■ Task objective ■
Give the entries below again, word for word, and leave out the images.
** Opening Records supplied block **
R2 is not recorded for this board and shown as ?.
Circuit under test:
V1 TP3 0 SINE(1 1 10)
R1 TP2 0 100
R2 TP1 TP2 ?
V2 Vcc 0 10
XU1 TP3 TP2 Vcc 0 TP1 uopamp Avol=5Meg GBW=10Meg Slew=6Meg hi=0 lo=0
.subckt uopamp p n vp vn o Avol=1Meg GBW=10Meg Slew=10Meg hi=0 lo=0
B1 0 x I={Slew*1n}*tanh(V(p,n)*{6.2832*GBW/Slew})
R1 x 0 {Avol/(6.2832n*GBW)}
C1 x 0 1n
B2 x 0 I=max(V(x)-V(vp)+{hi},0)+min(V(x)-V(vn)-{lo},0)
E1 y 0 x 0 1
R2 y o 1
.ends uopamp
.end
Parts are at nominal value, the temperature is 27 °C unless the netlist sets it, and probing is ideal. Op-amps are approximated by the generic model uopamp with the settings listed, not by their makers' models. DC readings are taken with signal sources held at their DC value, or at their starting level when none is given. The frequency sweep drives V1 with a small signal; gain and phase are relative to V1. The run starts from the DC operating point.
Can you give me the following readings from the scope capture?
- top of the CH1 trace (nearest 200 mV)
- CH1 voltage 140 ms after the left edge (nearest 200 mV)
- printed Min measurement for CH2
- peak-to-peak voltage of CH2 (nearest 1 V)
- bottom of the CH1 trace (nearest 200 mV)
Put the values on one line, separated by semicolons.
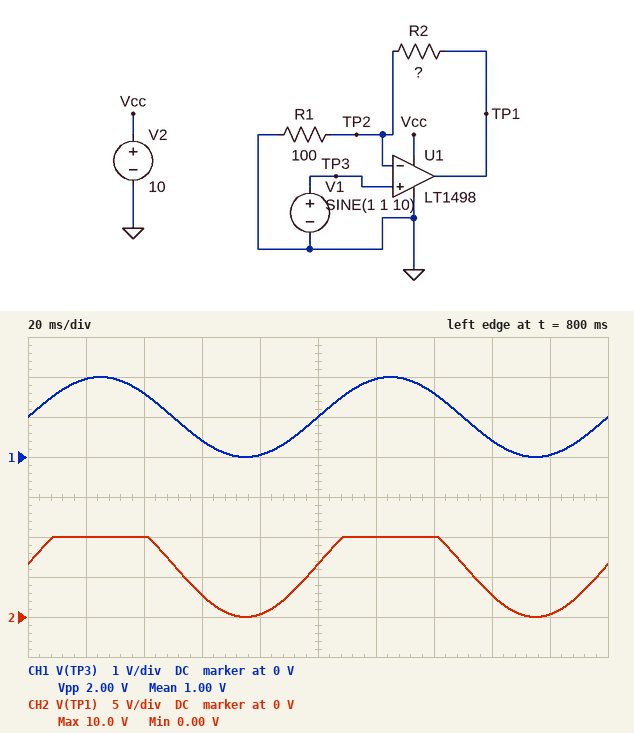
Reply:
2.0 V; 1.6 V; 0.00 V; 10 V; 0 V
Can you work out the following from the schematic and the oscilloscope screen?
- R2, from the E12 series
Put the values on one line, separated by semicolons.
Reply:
560 Ω
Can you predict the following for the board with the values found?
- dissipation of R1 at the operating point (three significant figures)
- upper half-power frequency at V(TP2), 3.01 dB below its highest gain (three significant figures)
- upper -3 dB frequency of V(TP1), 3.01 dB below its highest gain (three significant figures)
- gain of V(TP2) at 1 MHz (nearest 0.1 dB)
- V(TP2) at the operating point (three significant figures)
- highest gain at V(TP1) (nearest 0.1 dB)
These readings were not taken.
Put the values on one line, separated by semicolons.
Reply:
10.0 mW; 1.51 MHz; 1.51 MHz; -1.6 dB; 1.00 V; 16.4 dB
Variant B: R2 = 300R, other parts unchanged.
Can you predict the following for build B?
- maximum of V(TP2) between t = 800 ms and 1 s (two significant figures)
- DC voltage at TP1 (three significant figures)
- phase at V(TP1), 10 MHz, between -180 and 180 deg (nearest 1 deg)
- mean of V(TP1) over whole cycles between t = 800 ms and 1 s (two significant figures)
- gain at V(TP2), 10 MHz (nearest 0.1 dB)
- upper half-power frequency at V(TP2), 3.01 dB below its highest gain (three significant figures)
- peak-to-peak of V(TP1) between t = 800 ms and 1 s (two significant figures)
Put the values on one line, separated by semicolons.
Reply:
2.0 V; 4.00 V; -76 deg; 4.0 V; -12.3 dB; 2.49 MHz; 8.0 V
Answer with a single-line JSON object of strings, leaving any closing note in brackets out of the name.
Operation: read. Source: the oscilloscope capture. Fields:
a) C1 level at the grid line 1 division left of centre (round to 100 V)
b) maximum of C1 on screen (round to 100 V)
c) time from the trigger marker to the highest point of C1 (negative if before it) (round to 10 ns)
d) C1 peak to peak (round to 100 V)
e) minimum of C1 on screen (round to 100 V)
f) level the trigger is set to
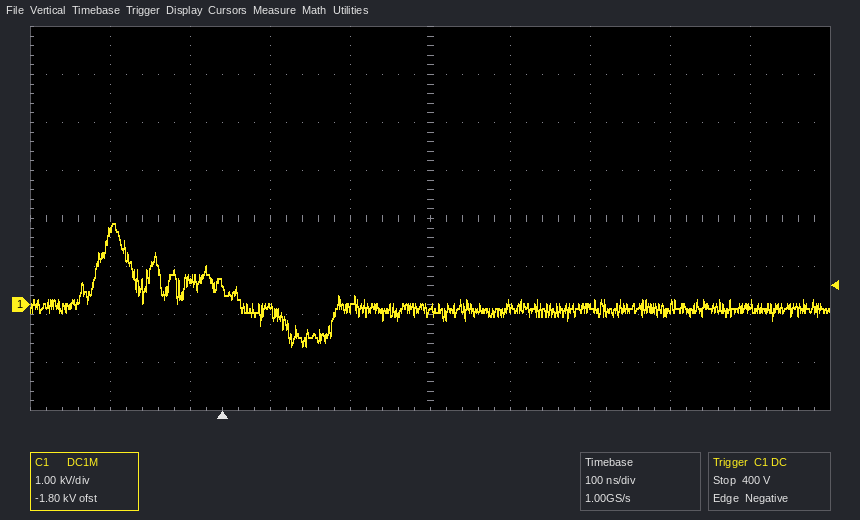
{"C1 level at the grid line 1 division left of centre": "-100 V", "maximum of C1 on screen": "1.7 kV", "time from the trigger marker to the highest point of C1 (negative if before it)": "-140 ns", "C1 peak to peak": "2.6 kV", "minimum of C1 on screen": "-900 V", "level the trigger is set to": "400 V"}
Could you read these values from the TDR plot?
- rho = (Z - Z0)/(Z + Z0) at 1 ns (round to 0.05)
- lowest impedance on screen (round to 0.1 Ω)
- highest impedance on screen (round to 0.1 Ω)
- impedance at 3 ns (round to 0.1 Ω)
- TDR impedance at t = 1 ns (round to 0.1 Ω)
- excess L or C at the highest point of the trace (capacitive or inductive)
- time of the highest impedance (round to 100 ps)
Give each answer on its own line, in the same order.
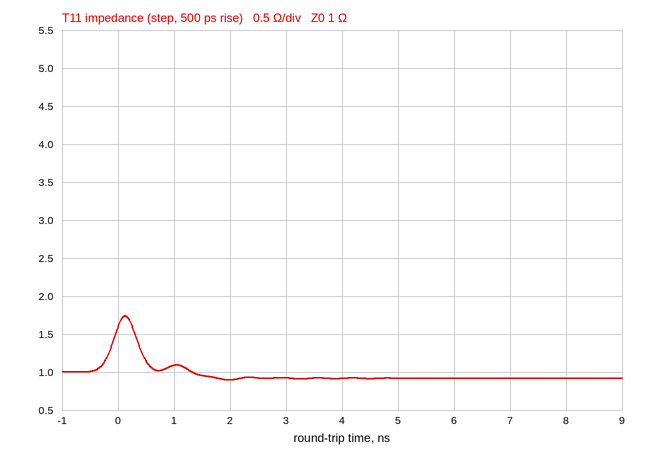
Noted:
+0.05
0.9 Ω
1.7 Ω
0.9 Ω
1.1 Ω
inductive
100 ps
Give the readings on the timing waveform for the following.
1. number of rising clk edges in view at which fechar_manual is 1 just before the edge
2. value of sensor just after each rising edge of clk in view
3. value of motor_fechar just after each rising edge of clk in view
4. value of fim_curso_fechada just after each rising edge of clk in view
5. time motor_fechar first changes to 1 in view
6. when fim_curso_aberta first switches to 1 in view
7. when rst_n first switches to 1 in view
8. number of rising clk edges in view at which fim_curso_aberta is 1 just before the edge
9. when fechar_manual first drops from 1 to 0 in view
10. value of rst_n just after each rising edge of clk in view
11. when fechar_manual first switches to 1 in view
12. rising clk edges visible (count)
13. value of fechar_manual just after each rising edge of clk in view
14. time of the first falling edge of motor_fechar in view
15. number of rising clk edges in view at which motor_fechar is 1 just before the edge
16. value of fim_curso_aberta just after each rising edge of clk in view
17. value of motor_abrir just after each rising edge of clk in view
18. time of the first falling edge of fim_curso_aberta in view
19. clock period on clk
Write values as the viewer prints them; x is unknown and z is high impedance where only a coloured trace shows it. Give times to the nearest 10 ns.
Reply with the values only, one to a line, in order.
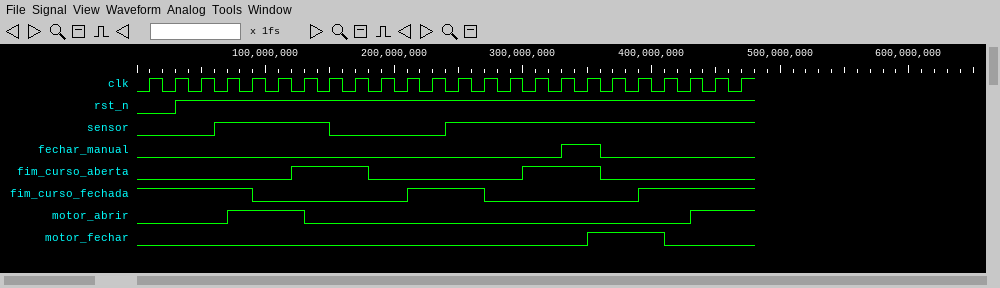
1
0 0 0 1 1 1 1 0 0 0 0 0 1 1 1 1 1 1 1 1 1 1 1 1
0 0 0 0 0 0 0 0 0 0 0 0 0 0 0 0 0 1 1 1 0 0 0 0
1 1 1 1 0 0 0 0 0 0 1 1 1 0 0 0 0 0 0 1 1 1 1 1
350 ns
120 ns
30 ns
6
360 ns
0 1 1 1 1 1 1 1 1 1 1 1 1 1 1 1 1 1 1 1 1 1 1 1
330 ns
24
0 0 0 0 0 0 0 0 0 0 0 0 0 0 0 0 1 1 0 0 0 0 0 0
410 ns
3
0 0 0 0 0 0 1 1 1 0 0 0 0 0 0 1 1 1 0 0 0 0 0 0
0 0 0 1 1 1 0 0 0 0 0 0 0 0 0 0 0 0 0 0 0 1 1 1
180 ns
20 ns
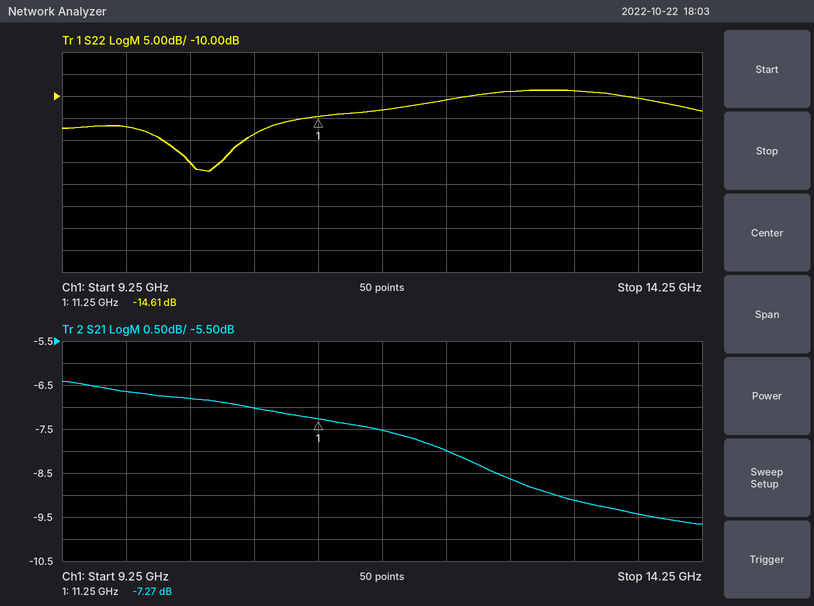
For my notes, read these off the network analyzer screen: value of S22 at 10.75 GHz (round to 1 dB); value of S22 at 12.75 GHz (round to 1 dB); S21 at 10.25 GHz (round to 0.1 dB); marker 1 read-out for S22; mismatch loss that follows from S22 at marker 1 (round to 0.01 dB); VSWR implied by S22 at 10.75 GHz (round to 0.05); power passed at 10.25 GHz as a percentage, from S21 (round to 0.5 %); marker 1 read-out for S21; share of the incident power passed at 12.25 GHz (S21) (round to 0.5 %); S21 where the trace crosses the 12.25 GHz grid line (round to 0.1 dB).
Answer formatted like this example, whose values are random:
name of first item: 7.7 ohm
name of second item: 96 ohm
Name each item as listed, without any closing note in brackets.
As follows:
value of S22 at 10.75 GHz: -19 dB
value of S22 at 12.75 GHz: -9 dB
S21 at 10.25 GHz: -6.8 dB
marker 1 read-out for S22: -14.61 dB
mismatch loss that follows from S22 at marker 1: 0.15 dB
VSWR implied by S22 at 10.75 GHz: 1.25
power passed at 10.25 GHz as a percentage, from S21: 21.0 %
marker 1 read-out for S21: -7.27 dB
share of the incident power passed at 12.25 GHz (S21): 16.0 %
S21 where the trace crosses the 12.25 GHz grid line: -8.0 dB
** Closing Records supplied block **
■ Worked solution ■
R2 is not recorded for this board and shown as ?.
Circuit under test:
V1 TP3 0 SINE(1 1 10)
R1 TP2 0 100
R2 TP1 TP2 ?
V2 Vcc 0 10
XU1 TP3 TP2 Vcc 0 TP1 uopamp Avol=5Meg GBW=10Meg Slew=6Meg hi=0 lo=0
.subckt uopamp p n vp vn o Avol=1Meg GBW=10Meg Slew=10Meg hi=0 lo=0
B1 0 x I={Slew*1n}*tanh(V(p,n)*{6.2832*GBW/Slew})
R1 x 0 {Avol/(6.2832n*GBW)}
C1 x 0 1n
B2 x 0 I=max(V(x)-V(vp)+{hi},0)+min(V(x)-V(vn)-{lo},0)
E1 y 0 x 0 1
R2 y o 1
.ends uopamp
.end
Parts are at nominal value, the temperature is 27 °C unless the netlist sets it, and probing is ideal. Op-amps are approximated by the generic model uopamp with the settings listed, not by their makers' models. DC readings are taken with signal sources held at their DC value, or at their starting level when none is given. The frequency sweep drives V1 with a small signal; gain and phase are relative to V1. The run starts from the DC operating point.
Can you give me the following readings from the scope capture?
- top of the CH1 trace (nearest 200 mV)
- CH1 voltage 140 ms after the left edge (nearest 200 mV)
- printed Min measurement for CH2
- peak-to-peak voltage of CH2 (nearest 1 V)
- bottom of the CH1 trace (nearest 200 mV)
Put the values on one line, separated by semicolons.
Reply:
2.0 V; 1.6 V; 0.00 V; 10 V; 0 V
Can you work out the following from the schematic and the oscilloscope screen?
- R2, from the E12 series
Put the values on one line, separated by semicolons.
Reply:
560 Ω
Can you predict the following for the board with the values found?
- dissipation of R1 at the operating point (three significant figures)
- upper half-power frequency at V(TP2), 3.01 dB below its highest gain (three significant figures)
- upper -3 dB frequency of V(TP1), 3.01 dB below its highest gain (three significant figures)
- gain of V(TP2) at 1 MHz (nearest 0.1 dB)
- V(TP2) at the operating point (three significant figures)
- highest gain at V(TP1) (nearest 0.1 dB)
These readings were not taken.
Put the values on one line, separated by semicolons.
Reply:
10.0 mW; 1.51 MHz; 1.51 MHz; -1.6 dB; 1.00 V; 16.4 dB
Variant B: R2 = 300R, other parts unchanged.
Can you predict the following for build B?
- maximum of V(TP2) between t = 800 ms and 1 s (two significant figures)
- DC voltage at TP1 (three significant figures)
- phase at V(TP1), 10 MHz, between -180 and 180 deg (nearest 1 deg)
- mean of V(TP1) over whole cycles between t = 800 ms and 1 s (two significant figures)
- gain at V(TP2), 10 MHz (nearest 0.1 dB)
- upper half-power frequency at V(TP2), 3.01 dB below its highest gain (three significant figures)
- peak-to-peak of V(TP1) between t = 800 ms and 1 s (two significant figures)
Put the values on one line, separated by semicolons.
Reply:
2.0 V; 4.00 V; -76 deg; 4.0 V; -12.3 dB; 2.49 MHz; 8.0 V
Answer with a single-line JSON object of strings, leaving any closing note in brackets out of the name.
Operation: read. Source: the oscilloscope capture. Fields:
a) C1 level at the grid line 1 division left of centre (round to 100 V)
b) maximum of C1 on screen (round to 100 V)
c) time from the trigger marker to the highest point of C1 (negative if before it) (round to 10 ns)
d) C1 peak to peak (round to 100 V)
e) minimum of C1 on screen (round to 100 V)
f) level the trigger is set to
{"C1 level at the grid line 1 division left of centre": "-100 V", "maximum of C1 on screen": "1.7 kV", "time from the trigger marker to the highest point of C1 (negative if before it)": "-140 ns", "C1 peak to peak": "2.6 kV", "minimum of C1 on screen": "-900 V", "level the trigger is set to": "400 V"}
Could you read these values from the TDR plot?
- rho = (Z - Z0)/(Z + Z0) at 1 ns (round to 0.05)
- lowest impedance on screen (round to 0.1 Ω)
- highest impedance on screen (round to 0.1 Ω)
- impedance at 3 ns (round to 0.1 Ω)
- TDR impedance at t = 1 ns (round to 0.1 Ω)
- excess L or C at the highest point of the trace (capacitive or inductive)
- time of the highest impedance (round to 100 ps)
Give each answer on its own line, in the same order.
Noted:
+0.05
0.9 Ω
1.7 Ω
0.9 Ω
1.1 Ω
inductive
100 ps
Give the readings on the timing waveform for the following.
1. number of rising clk edges in view at which fechar_manual is 1 just before the edge
2. value of sensor just after each rising edge of clk in view
3. value of motor_fechar just after each rising edge of clk in view
4. value of fim_curso_fechada just after each rising edge of clk in view
5. time motor_fechar first changes to 1 in view
6. when fim_curso_aberta first switches to 1 in view
7. when rst_n first switches to 1 in view
8. number of rising clk edges in view at which fim_curso_aberta is 1 just before the edge
9. when fechar_manual first drops from 1 to 0 in view
10. value of rst_n just after each rising edge of clk in view
11. when fechar_manual first switches to 1 in view
12. rising clk edges visible (count)
13. value of fechar_manual just after each rising edge of clk in view
14. time of the first falling edge of motor_fechar in view
15. number of rising clk edges in view at which motor_fechar is 1 just before the edge
16. value of fim_curso_aberta just after each rising edge of clk in view
17. value of motor_abrir just after each rising edge of clk in view
18. time of the first falling edge of fim_curso_aberta in view
19. clock period on clk
Write values as the viewer prints them; x is unknown and z is high impedance where only a coloured trace shows it. Give times to the nearest 10 ns.
Reply with the values only, one to a line, in order.
1
0 0 0 1 1 1 1 0 0 0 0 0 1 1 1 1 1 1 1 1 1 1 1 1
0 0 0 0 0 0 0 0 0 0 0 0 0 0 0 0 0 1 1 1 0 0 0 0
1 1 1 1 0 0 0 0 0 0 1 1 1 0 0 0 0 0 0 1 1 1 1 1
350 ns
120 ns
30 ns
6
360 ns
0 1 1 1 1 1 1 1 1 1 1 1 1 1 1 1 1 1 1 1 1 1 1 1
330 ns
24
0 0 0 0 0 0 0 0 0 0 0 0 0 0 0 0 1 1 0 0 0 0 0 0
410 ns
3
0 0 0 0 0 0 1 1 1 0 0 0 0 0 0 1 1 1 0 0 0 0 0 0
0 0 0 1 1 1 0 0 0 0 0 0 0 0 0 0 0 0 0 0 0 1 1 1
180 ns
20 ns
For my notes, read these off the network analyzer screen: value of S22 at 10.75 GHz (round to 1 dB); value of S22 at 12.75 GHz (round to 1 dB); S21 at 10.25 GHz (round to 0.1 dB); marker 1 read-out for S22; mismatch loss that follows from S22 at marker 1 (round to 0.01 dB); VSWR implied by S22 at 10.75 GHz (round to 0.05); power passed at 10.25 GHz as a percentage, from S21 (round to 0.5 %); marker 1 read-out for S21; share of the incident power passed at 12.25 GHz (S21) (round to 0.5 %); S21 where the trace crosses the 12.25 GHz grid line (round to 0.1 dB).
Answer formatted like this example, whose values are random:
name of first item: 7.7 ohm
name of second item: 96 ohm
Name each item as listed, without any closing note in brackets.
As follows:
value of S22 at 10.75 GHz: -19 dB
value of S22 at 12.75 GHz: -9 dB
S21 at 10.25 GHz: -6.8 dB
marker 1 read-out for S22: -14.61 dB
mismatch loss that follows from S22 at marker 1: 0.15 dB
VSWR implied by S22 at 10.75 GHz: 1.25
power passed at 10.25 GHz as a percentage, from S21: 21.0 %
marker 1 read-out for S21: -7.27 dB
share of the incident power passed at 12.25 GHz (S21): 16.0 %
S21 where the trace crosses the 12.25 GHz grid line: -8.0 dB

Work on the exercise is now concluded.